- Source data:
-----
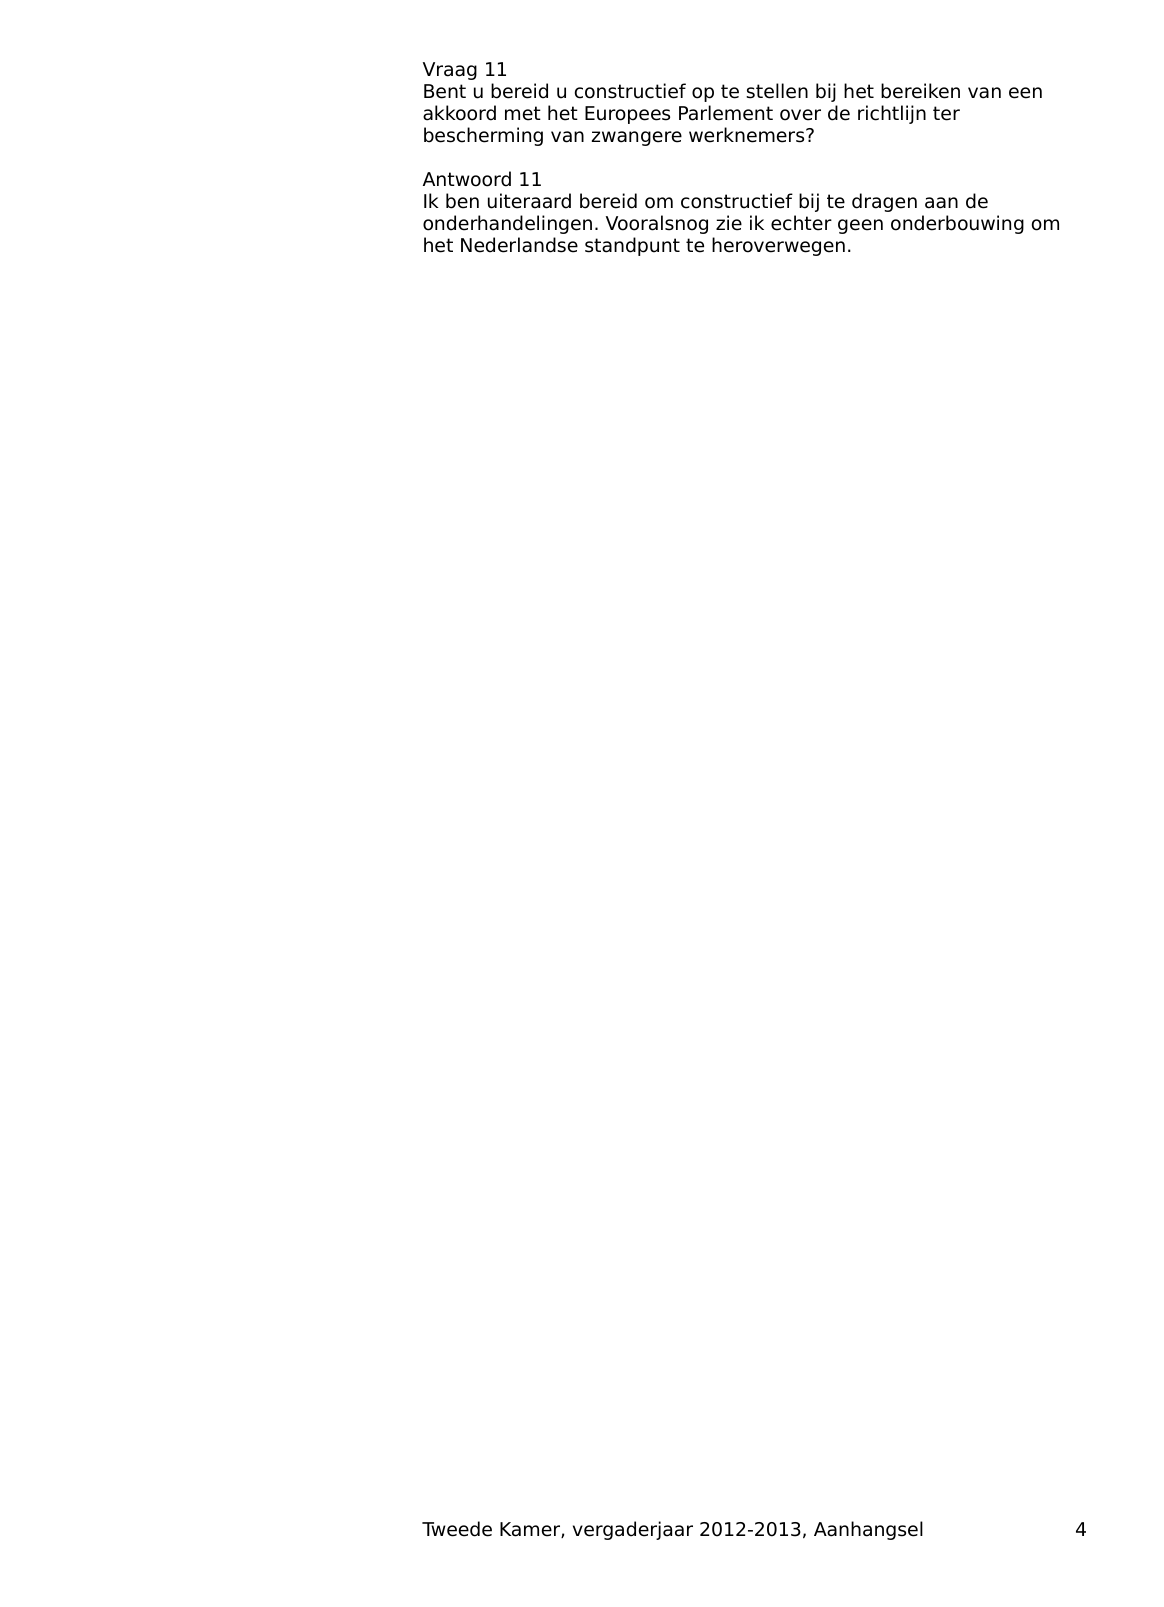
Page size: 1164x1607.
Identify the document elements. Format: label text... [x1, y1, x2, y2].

text Vraag 11 [422, 59, 1087, 81]
text Bent u bereid u constructief op te stellen bij het bereiken van een akkoord met het Europees Parlement over de richtlijn ter bescherming van zwangere werknemers? [422, 81, 1087, 147]
text Ik ben uiteraard bereid om constructief bij te dragen aan de onderhandelingen. Vooralsnog zie ik echter geen onderbouwing om het Nederlandse standpunt te heroverwegen. [422, 191, 1087, 257]
text Antwoord 11 [422, 169, 1087, 191]
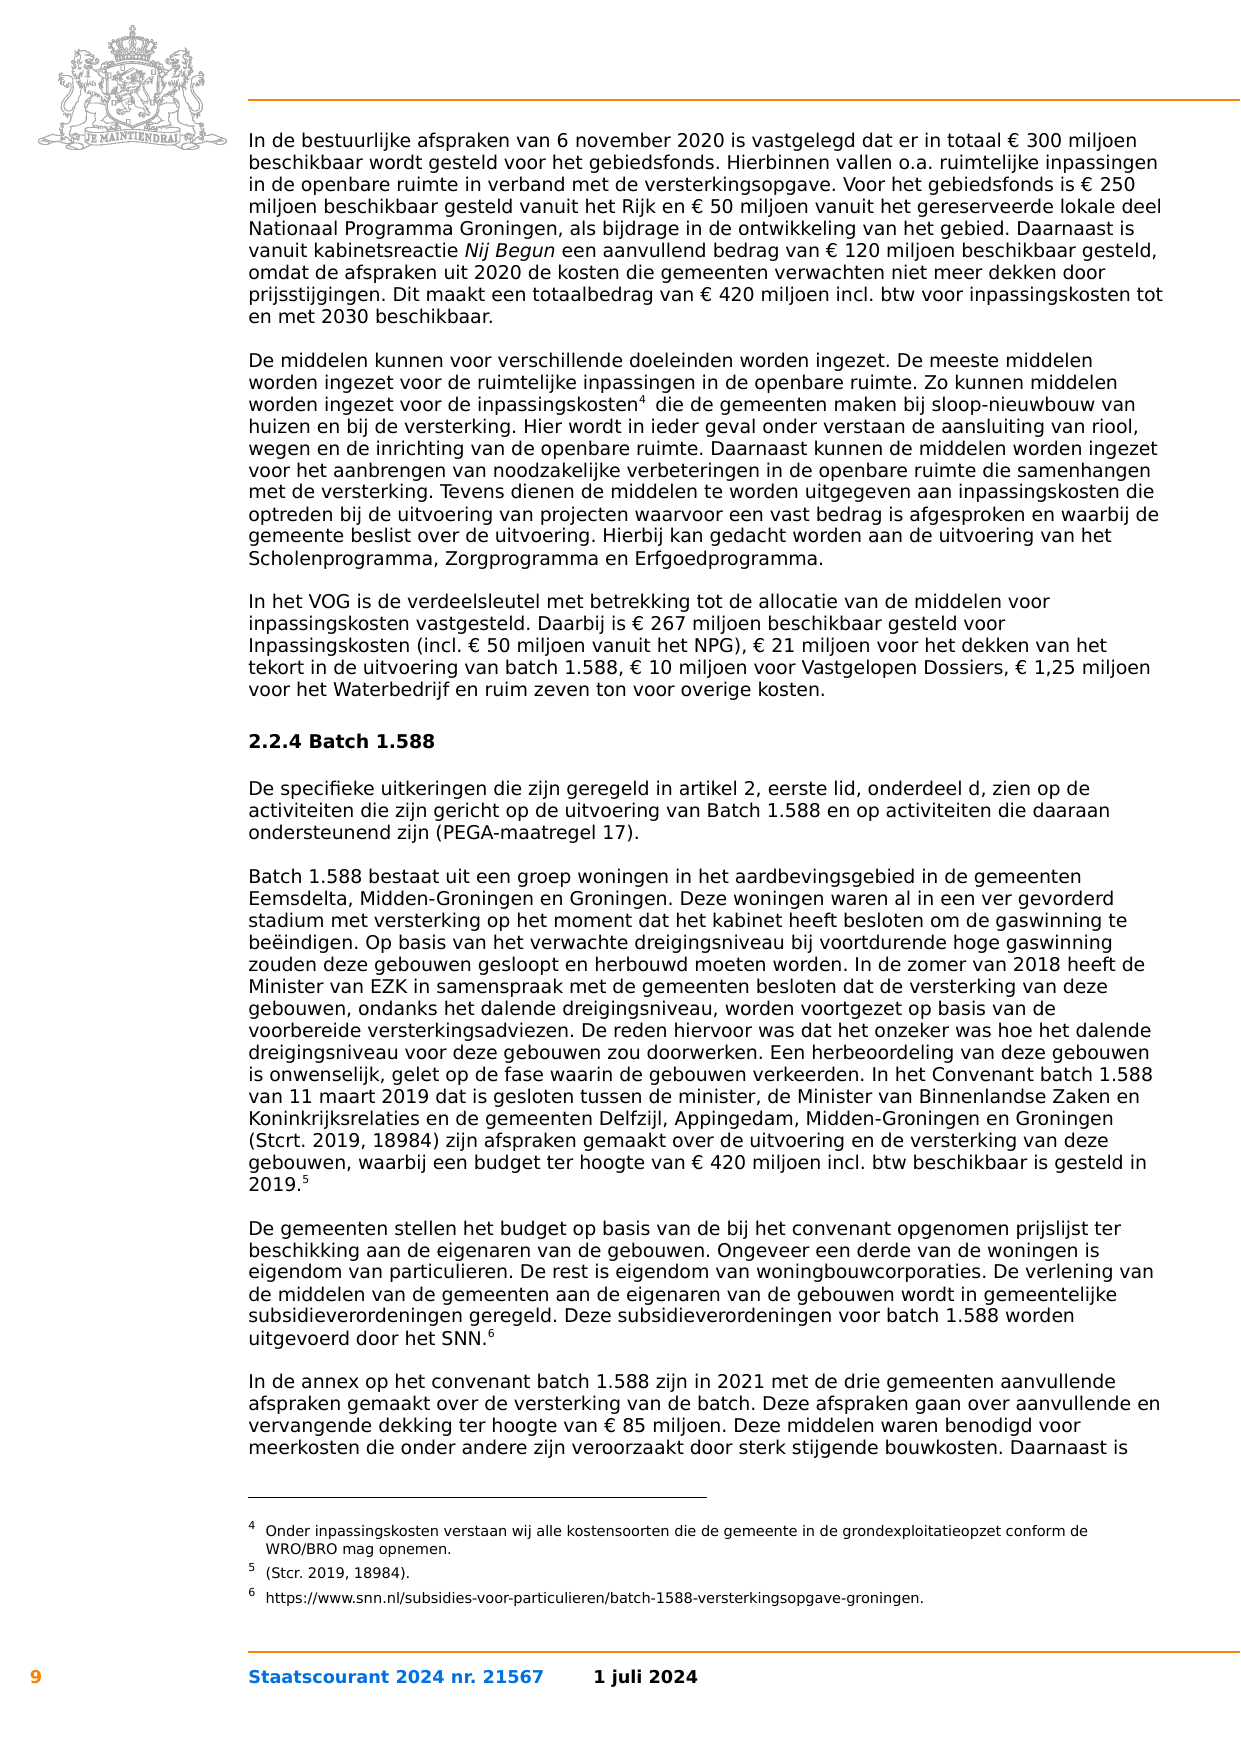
-----
- Exercise brief: Would you retype the lines from the line containing "Identify the document" to the final line of the entries above, exactly as given and without pictures?

- Exercise response:
Identify the document elements. Format: label text... [x1, y1, x2, y2].

text Vraag 11 [422, 59, 1087, 81]
text Bent u bereid u constructief op te stellen bij het bereiken van een akkoord met het Europees Parlement over de richtlijn ter bescherming van zwangere werknemers? [422, 81, 1087, 147]
text Ik ben uiteraard bereid om constructief bij te dragen aan de onderhandelingen. Vooralsnog zie ik echter geen onderbouwing om het Nederlandse standpunt te heroverwegen. [422, 191, 1087, 257]
text Antwoord 11 [422, 169, 1087, 191]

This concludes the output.